Тут надо сказать, что, в моё время, по сравнению с предыдущими годами, условия предварительных конкурсных прослушиваний ещё более ужесточились – количество участников, допускаемых к конкурсу за границей, с трёх сократили до двух, и стало совсем невозможно вписаться! В прежние годы обычно бывало двое блатных, и конкурс, таким образом, вёлся за единственное место. А в мою бытность в консерватории шансов пройти почти не осталось – ведь всегда находилось несколько очень достойных участников...
Программа конкурса в Сантандере была сложной и расширенной по сравнению с другими конкурсами. Не три тура, а пять – два сольных, третий делился на две части, сольную и камерную (где надо было играть квинтет на выбор из трёх больших фортепианных квинтетов: Брамс, Шуман, Шостакович). И финал с оркестром. На прослушивании в Москве игралась только сольная программа. Кроме того, за месяц до конкурса должно было прийти сочинение, специально выбранное или написанное для конкурса.
И вот, наконец, долгожданная победа! Отобраны два кандидата. Мой однокурсник Олег Волков и я. Началась подготовка. Настоящая, как к олимпийским играм. До конкурса – несколько месяцев, так что времени предостаточно! К тому же, в то время советским участникам предоставлялась великолепная возможность обыграть концерт с оркестром! У меня – 1-й Листа, так, чтобы «наверняка», у Волкова – 1-й Чайковского. (Тогда ещё не было в моде играть 3-й Рахманинова или 2-й Прокофьева, как это происходит сейчас).
Тут необходимо кое-что пояснить для читателя-немузыканта. Упомянутые мной концерты Листа и Чайковского считались в моё время сочинениями сложными и очень показательными для конкурсов любого уровня. А 3-й Рахманинова и 2-й Прокофьева звучали на конкурсах и в концертах крайне редко, ввиду своей из ряда вон выходящей технической и музыкальной сложности. С тех пор средний уровень пианистической техники настолько вырос, что эти сложнейшие концерты Рахманинова и Прокофьева звучат практически на всех конкурсах по нескольку раз.
Через пару месяцев для нас с Волковым было прислано обязательное произведение композитора Момпу. Прислано оно было, конечно же, на адрес Госконцерта, так как у всех советских участников имелся именно этот один общий адрес... Я не верю своим глазам: что-то настолько простое и короткое, что переспрашиваю, не ошибка ли, не шутка? Нет! Так оно и должно быть. Ну, хорошо, нам же лучше!

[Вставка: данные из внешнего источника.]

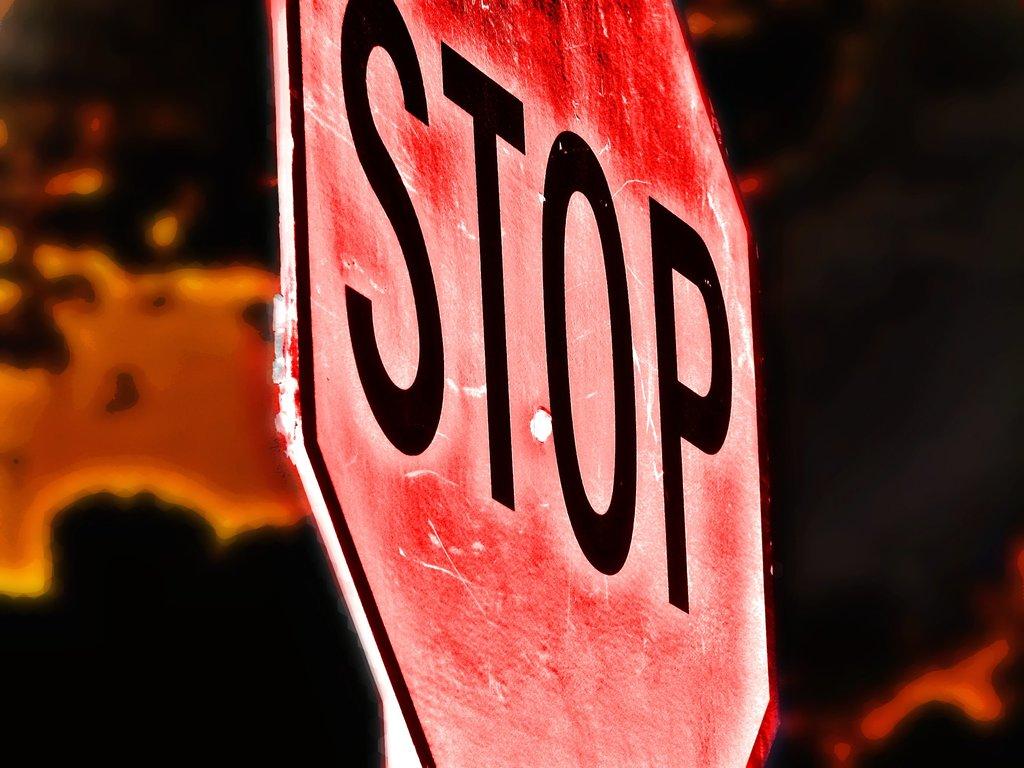What is on the sogn?
Offer a terse response. Stop.

В жюри от Советского Союза едет мой профессор С.Л. Доренский, который уже ездил на этот конкурс и «дружил» с Паломой. Он даже представил меня ей лично, когда она приезжала на конкурс имени Чайковского в Москву. Палома – очень красивая женщина, в прошлом пианистка, жена владельца “Banco de Santander” и организатор конкурса имени себя. Эта семья уступает в богатстве только королевской семье и, естественно, состоит в дружбе с оной. Палома с очаровательной улыбкой сказала, что ждёт меня на конкурсе, и что уже много похвального обо мне слышала. Я впервые сталкиваюсь с западной вежливостью... Впечатлило!

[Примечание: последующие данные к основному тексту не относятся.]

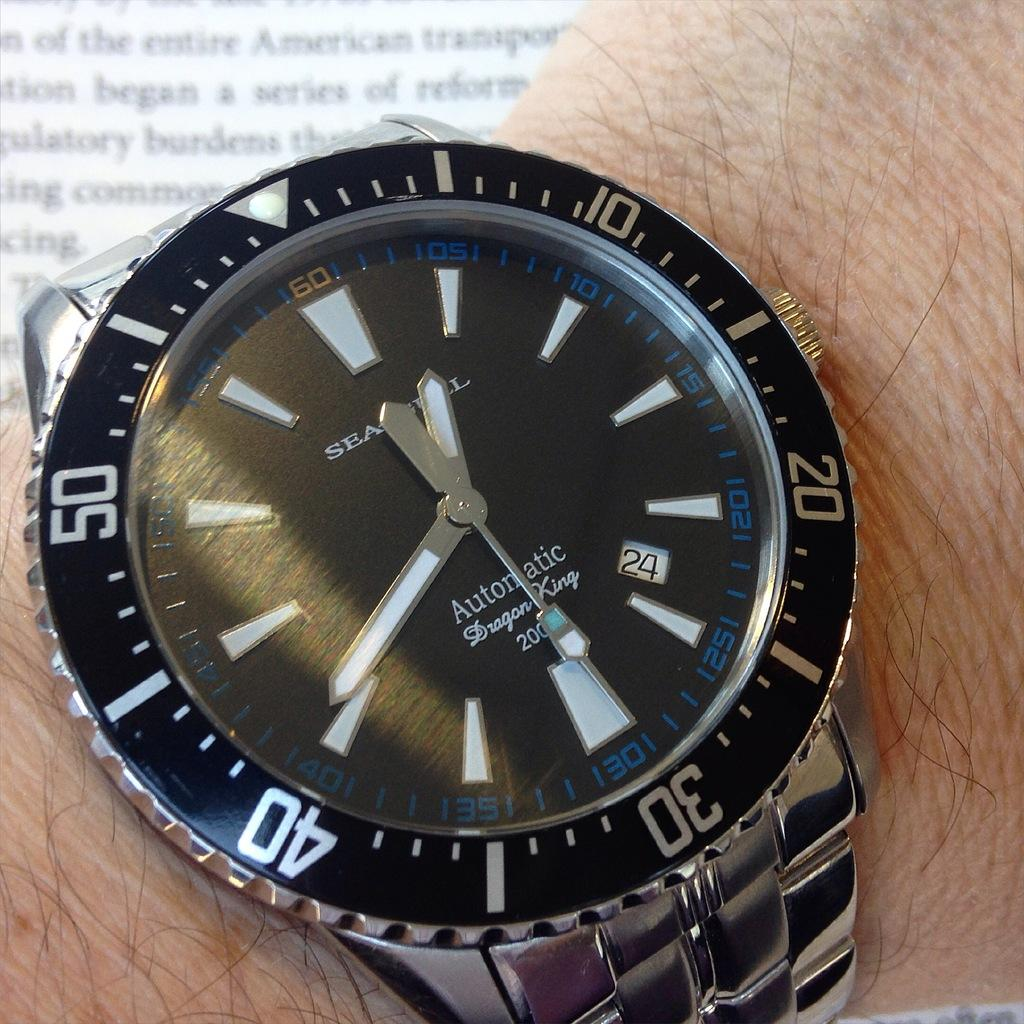<image>
Write a terse but informative summary of the picture. Wristwatch that says the word Automatic on the face.

И вот потекли эти месяцы, которые не могли быть испорчены даже гремучей завистью окружающих. Одни перестают со мной здороваться, а те, кто здороваются, не могут не высказать, что конечно-де я прошла, да при Доренском-то и не пройти, и конечно я получу первую премию, потому что Дорен-то в жюри! Ну, и всё в таком духе, конечно, точного текста я не помню, но только вот этот припев: первая премия, первая премия, первая премия... И сумму даже какую-то называли, которая у меня уже-де в кармане! Главное, вот эти деньги! И все знали, сколько там денег! И откуда?
Оформление на конкурс
Кто не застал процедуры оформления на конкурсы, тот не поймёт этого театра абсурда. Как у Чайковского в романсе «Нет, только тот, кто знал…». Расскажу по памяти, в общих чертах, может, чего-то уже и не вспомню. Значит, так: сначала надо было получить характеристику, не помню, от комсомольской или от партийной организации, или от обеих сразу, где, кроме описания профессиональных качеств, обязательно должно было стоять: активно принимает участие в комсомольской жизни факультета (или курса), политически грамотна, морально устойчива. Помните: «Характер нордический, стойкий, в связях, порочащих её, не замечена», ну и так далее по списку. И вот именно эта моральная устойчивость почему-то всех всегда особенно веселила.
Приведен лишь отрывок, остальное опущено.